# Exercise brief
Only the lines from the one containing "Do the same for the person (780,294,805,434)." to the end of the records should be given again, word for word and in full.

# Source material
____
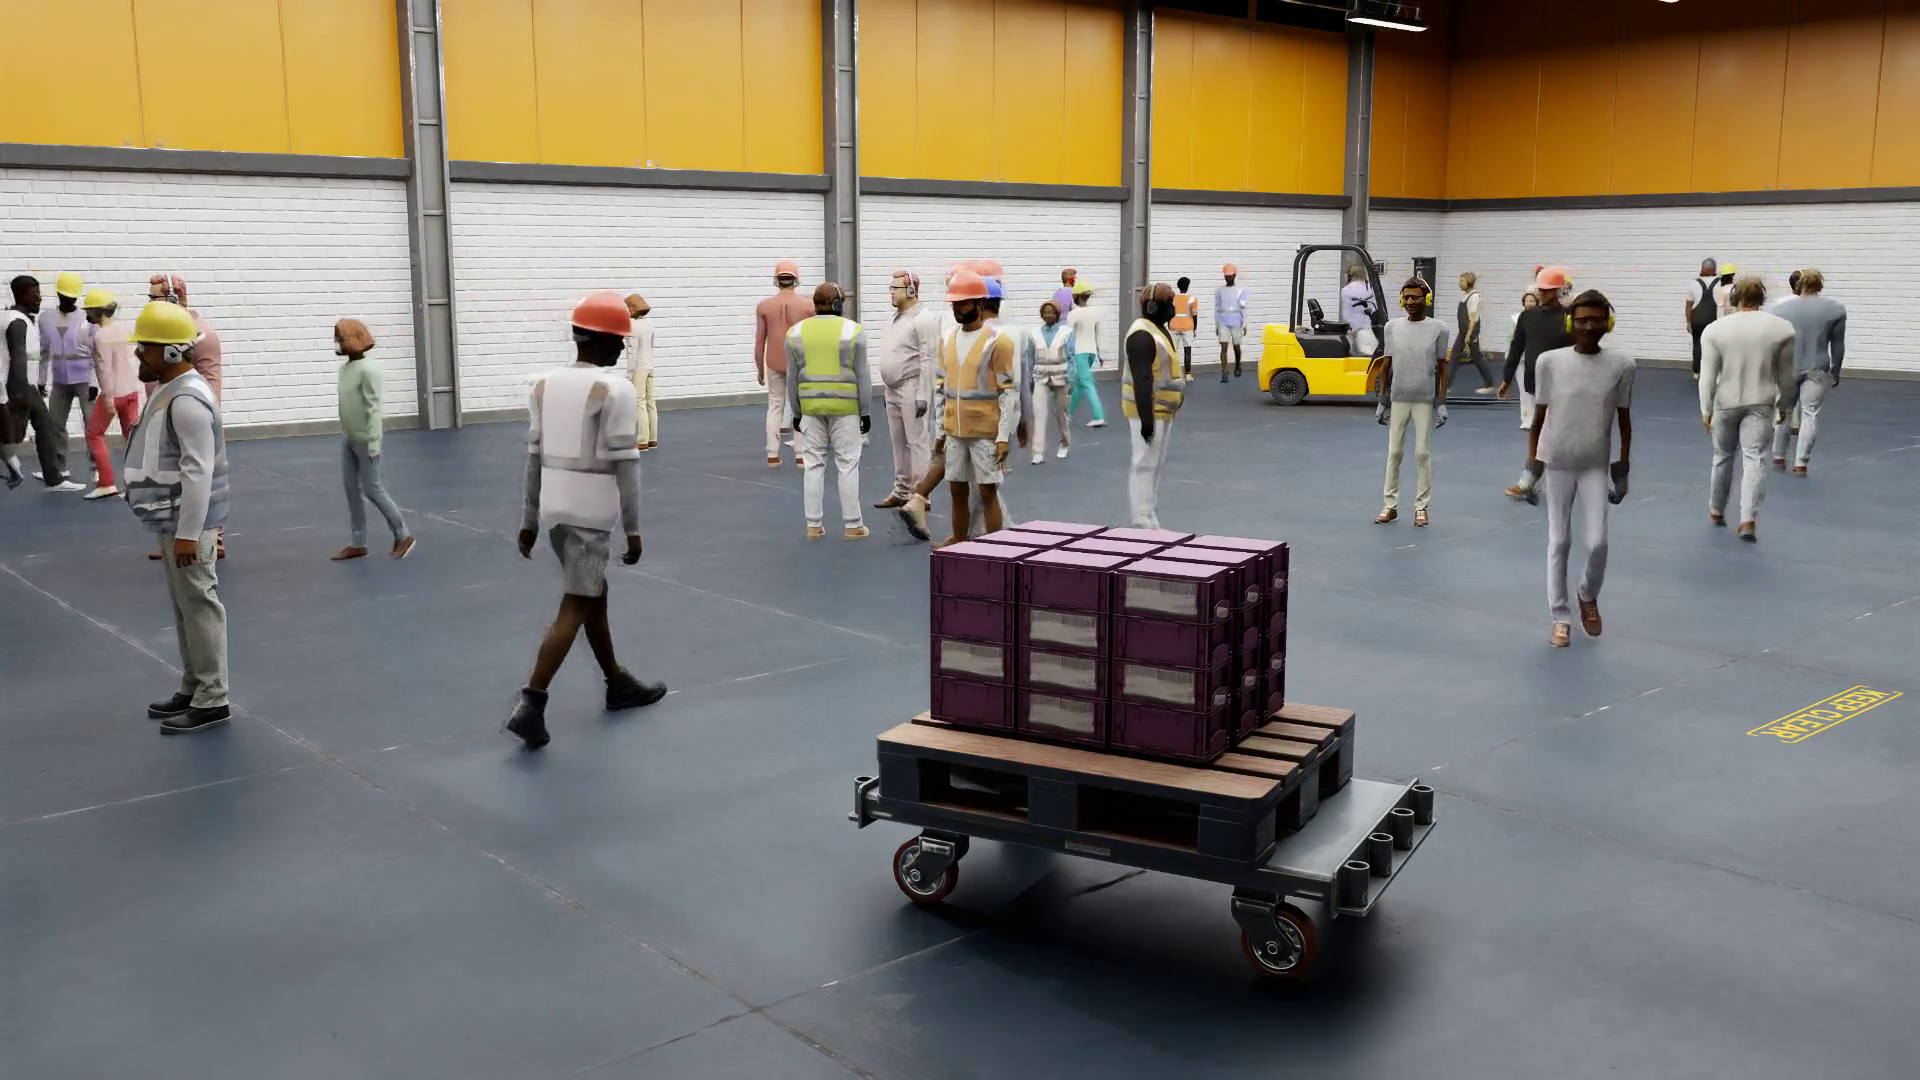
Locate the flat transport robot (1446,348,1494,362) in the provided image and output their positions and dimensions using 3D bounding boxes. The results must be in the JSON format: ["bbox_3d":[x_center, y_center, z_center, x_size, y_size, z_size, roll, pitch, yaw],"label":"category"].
[{"bbox_3d":[9.659,-3.557,31.941,0.652,0.197,1.431,8,12,39],"label":"flat transport robot"}]

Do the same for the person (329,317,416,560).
[{"bbox_3d":[-3.956,-0.657,11.062,0.413,1.648,0.516,-9,13,-43],"label":"person"}]

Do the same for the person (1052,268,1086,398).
[{"bbox_3d":[1.523,-2.934,23.679,0.389,1.849,0.567,-7,12,-34],"label":"person"}]

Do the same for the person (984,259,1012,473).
[{"bbox_3d":[0.266,-1.587,15.364,0.391,1.992,0.623,9,13,41],"label":"person"}]

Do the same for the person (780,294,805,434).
[{"bbox_3d":[-1.748,-1.981,18.831,0.825,1.597,0.512,-3,10,-15],"label":"person"}]

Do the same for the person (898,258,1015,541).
[{"bbox_3d":[-0.009,-0.980,11.785,0.913,2.016,0.611,-8,12,-38],"label":"person"}]

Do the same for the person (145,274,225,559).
[{"bbox_3d":[-5.147,-0.792,10.982,0.643,1.905,0.400,6,12,33],"label":"person"}]

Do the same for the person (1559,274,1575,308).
____
# Final answer
Do the same for the person (780,294,805,434).
[{"bbox_3d":[-1.748,-1.981,18.831,0.825,1.597,0.512,-3,10,-15],"label":"person"}]

Do the same for the person (898,258,1015,541).
[{"bbox_3d":[-0.009,-0.980,11.785,0.913,2.016,0.611,-8,12,-38],"label":"person"}]

Do the same for the person (145,274,225,559).
[{"bbox_3d":[-5.147,-0.792,10.982,0.643,1.905,0.400,6,12,33],"label":"person"}]

Do the same for the person (1559,274,1575,308).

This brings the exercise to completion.